Bu duruma çok üzülüyordu.

endişeli olmak

(be concerned or anxious about)

(fiil: Varlıkların ve kavramların (isimlerin) yapmış oldukları hareketleri, içinde bulundukları durumları, etkilendikleri işleri ifade eder.)
We're worried about your performance. I am worrying about increased unemployment in the country.

tasa

noun (uncountable (anxiety)

(isim: Canlı cansız bütün varlıkları ve kavramları ifade eder.)
Too much worry will cause stomach problems.

endişe, kaygı

noun (concern, preoccupation)

(isim: Canlı cansız bütün varlıkları ve kavramları ifade eder.)
That is not my worry. I have a lot of worries.

taciz etmek

transitive verb (UK (harass)

(geçişli fiil: Fiillin belirttiği hareket ya da olay nesne üzerinde gerçekleşiyorsa yani bir nesneyi etkiliyorsa bu geçişli fiildir (örnek: "çocuk yemeğini yedi").)
I have told him to leave me alone, but he is still worrying me with phone calls.

çok endişeli/kaygılı

adjective (informal (extremely anxious about [sb] or [sth])

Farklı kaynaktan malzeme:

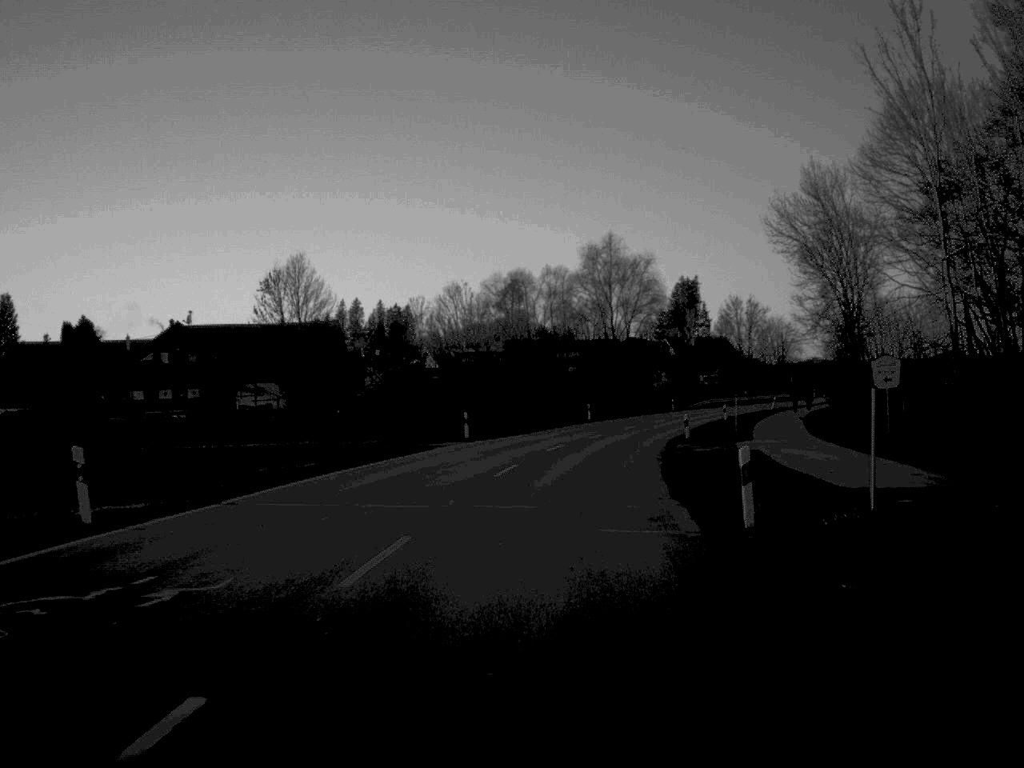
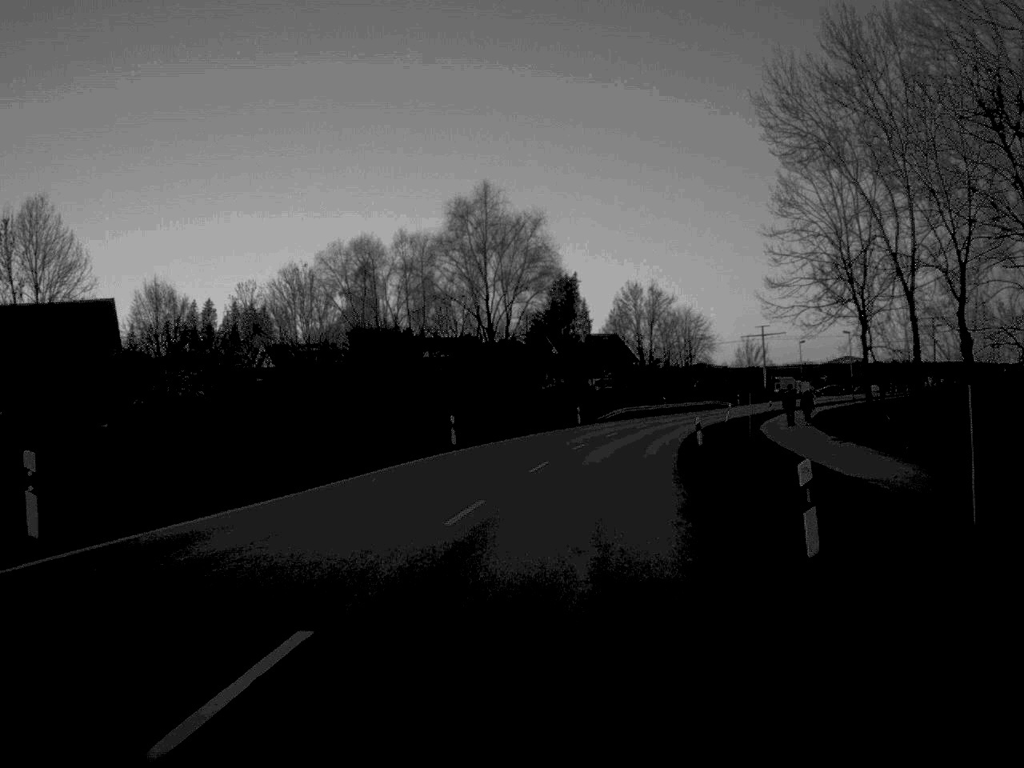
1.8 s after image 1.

(sıfat: Varlıkların ve kavramların (isimlerin) niteliklerini, sayılarını, ölçülerini belirtir.)
Where have you been? You're two hours late - I've been worried sick!

İngilizce öğrenelim

Artık worried'ün İngilizce içindeki anlamı hakkında daha fazla bilgi sahibi olduğunuza göre, seçilen örnekler aracılığıyla bunların nasıl kullanılacağını ve nasıl yapılacağını öğrenebilirsiniz. onları okuyun. Ve önerdiğimiz ilgili kelimeleri öğrenmeyi unutmayın. Web sitemiz sürekli olarak yeni kelimeler ve yeni örneklerle güncellenmektedir, böylece bilmediğiniz diğer kelimelerin anlamlarını İngilizce içinde arayabilirsiniz.

İngilizce hakkında bilginiz var mı

İngilizce, İngiltere'ye göç eden ve 1400 yılı aşkın bir süre içinde gelişen Germen kabilelerinden gelmektedir. İngilizce, Çince ve İspanyolca'dan sonra dünyada en çok konuşulan üçüncü dildir. En çok öğrenilen ikinci dildir. ve yaklaşık 60 egemen ülkenin resmi dilidir.Bu dil, ikinci ve yabancı dil olarak anadili konuşanlardan daha fazla sayıda konuşmacıya sahiptir.İngilizce aynı zamanda Birleşmiş Milletler, Avrupa Birliği ve diğer birçok uluslararası kuruluşun ortak resmi dilidir. ve bölgesel organizasyonlar. Günümüzde dünyanın her yerindeki İngilizce konuşanlar nispeten kolaylıkla iletişim kurabiliyor.